Kondisi fisik Mula kini kian kurus akibat asam lambung akut yang dideritanya selama tiga tahun terakhir. Karena ketiadaan biaya, ia terpaksa menghentikan pengobatan setelah menjual tanah warisan orangtuanya demi bertahan hidup. Untuk memenuhi kebutuhan sehari-hari tiga anaknya yang masih sekolah, Mula kini sepenuhnya bergantung pada sang istri.
“Hanya kartunya saja yang ada, tapi isinya tidak pernah ada sejak 2021. Saya bahkan harus keluar uang sendiri untuk mengecek saldo ke kota, sementara teman-teman yang lain bantuannya cair,” ujar Mula dengan nada kecewa, Sabtu (27/12/2025).

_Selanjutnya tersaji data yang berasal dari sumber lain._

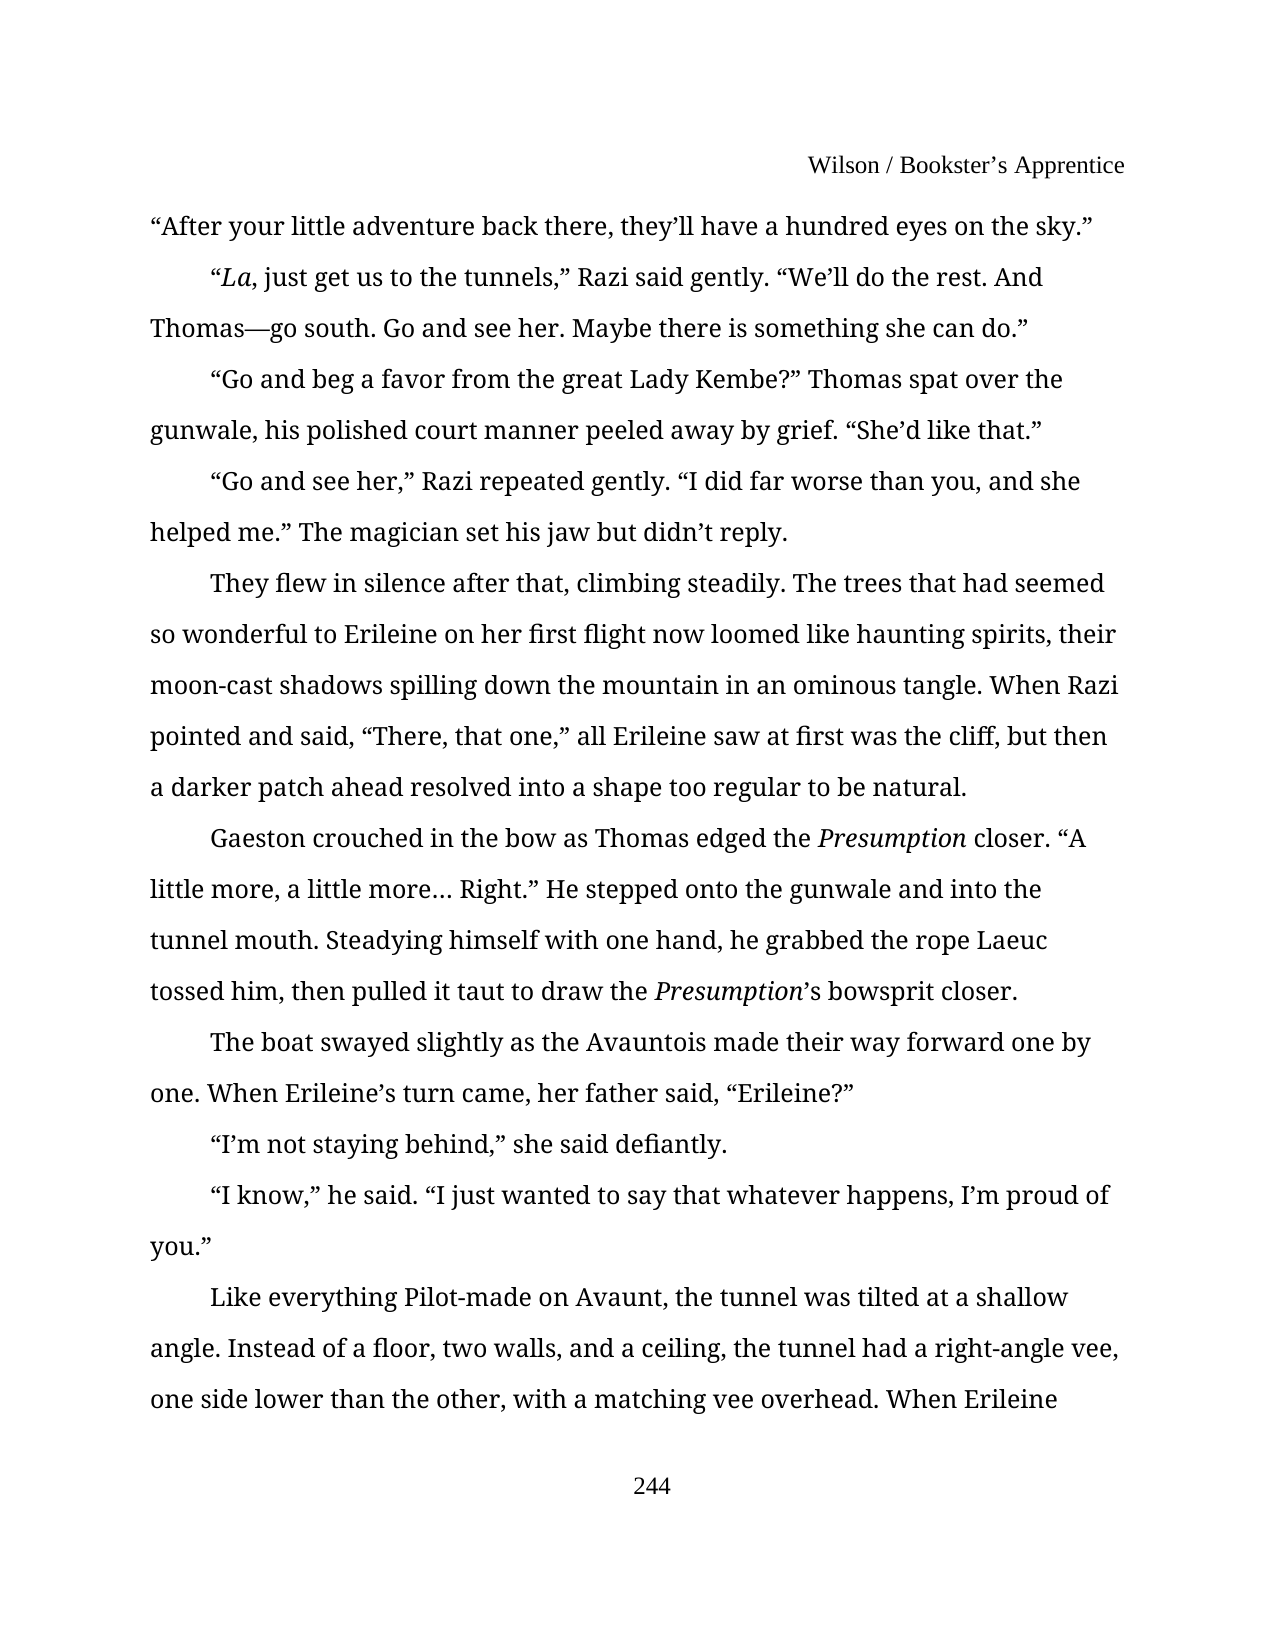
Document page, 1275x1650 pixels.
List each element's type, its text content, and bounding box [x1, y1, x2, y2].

text “I know,” he said. “I just wanted to say that whatever happens, I’m proud of you.” [150, 1178, 1125, 1263]
text “I’m not staying behind,” she said defiantly. [150, 1127, 1125, 1161]
text “After your little adventure back there, they’ll have a hundred eyes on the sky.” [150, 208, 1125, 242]
text They flew in silence after that, climbing steadily. The trees that had seemed so wonderful to Erileine on her first flight now loomed like haunting spirits, their moon-cast shadows spilling down the mountain in an ominous tangle. When Razi pointed and said, “There, that one,” all Erileine saw at first was the cliff, but then a darker patch ahead resolved into a shape too regular to be natural. [150, 566, 1125, 804]
text “La, just get us to the tunnels,” Razi said gently. “We’ll do the rest. And Thomas—go south. Go and see her. Maybe there is something she can do.” [150, 259, 1125, 344]
text “Go and beg a favor from the great Lady Kembe?” Thomas spat over the gunwale, his polished court manner peeled away by grief. “She’d like that.” [150, 361, 1125, 446]
text Gaeston crouched in the bow as Thomas edged the Presumption closer. “A little more, a little more… Right.” He stepped onto the gunwale and into the tunnel mouth. Steadying himself with one hand, he grabbed the rope Laeuc tossed him, then pulled it taut to draw the Presumption’s bowsprit closer. [150, 821, 1125, 1008]
text The boat swayed slightly as the Avauntois made their way forward one by one. When Erileine’s turn came, her father said, “Erileine?” [150, 1025, 1125, 1110]
text Like everything Pilot-made on Avaunt, the tunnel was tilted at a shallow angle. Instead of a floor, two walls, and a ceiling, the tunnel had a right-angle vee, one side lower than the other, with a matching vee overhead. When Erileine [150, 1280, 1125, 1416]
text “Go and see her,” Razi repeated gently. “I did far worse than you, and she helped me.” The magician set his jaw but didn’t reply. [150, 463, 1125, 548]
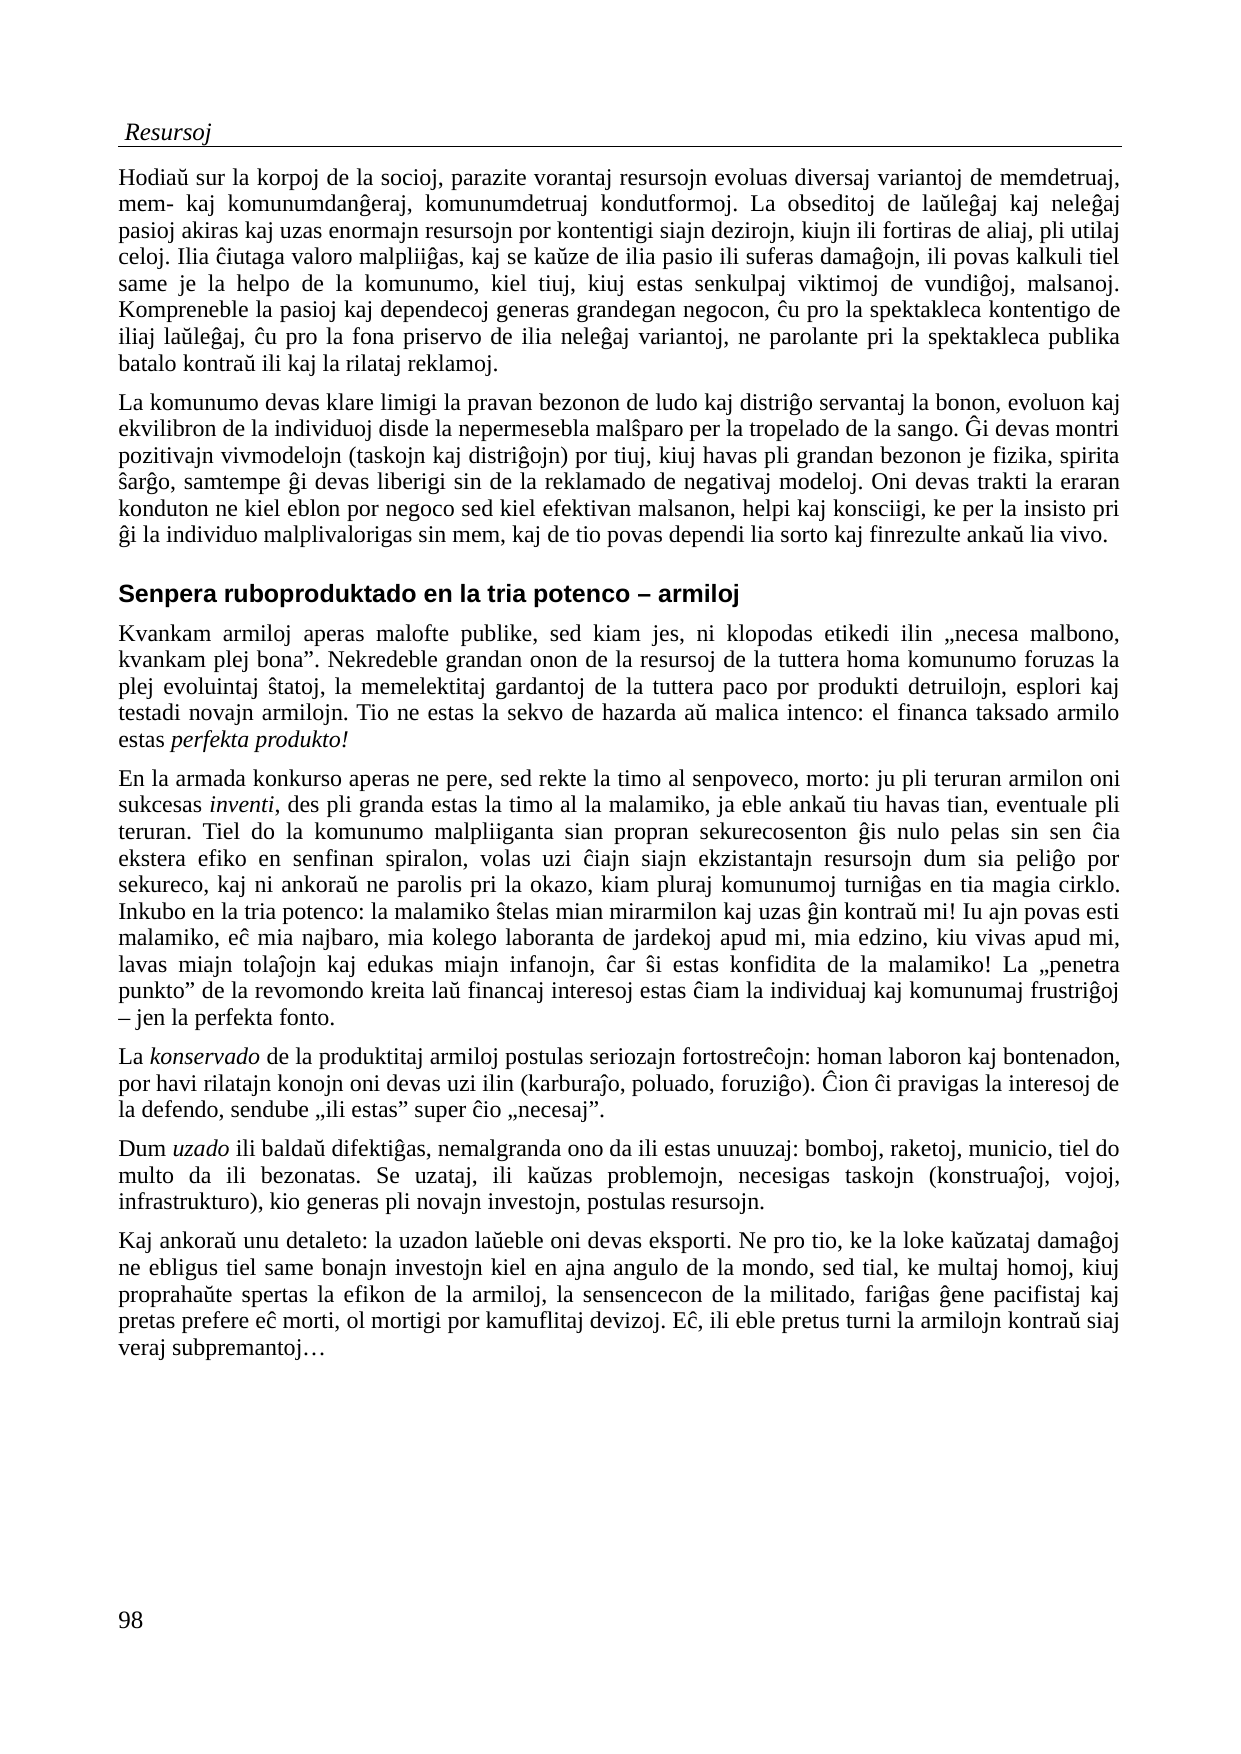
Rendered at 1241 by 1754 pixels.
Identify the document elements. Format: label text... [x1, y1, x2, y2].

Mula menduga ada kejanggalan atau keterlibatan oknum dalam proses penyaluran bantuan tersebut. Meskipun ia sudah melaporkan masalah ini kepada perangkat desa, hingga kini belum ada solusi konkret ataupun tindak lanjut yang memuaskan.
Kondisi geografis yang terisolasi di Dusun Tanjung Baru dinilai memperparah minimnya kontrol pemerintah terhadap penyaluran bantuan sosial. Wilayah ini masih berkutat dengan infrastruktur jalan yang rusak parah, ketiadaan sinyal komunikasi, hingga layanan listrik yang belum beroperasi penuh 24 jam.
Ia berharap pemerintah pusat maupun daerah lebih teliti dalam melakukan pendataan ulang agar bantuan tepat sasaran, terutama bagi warga yang kondisinya mendesak. “Saya berharap benar-benar ada pemerintah yang mengontrol ini sehingga bantuan sampai kepada yang membutuhkan,” pungkasnya.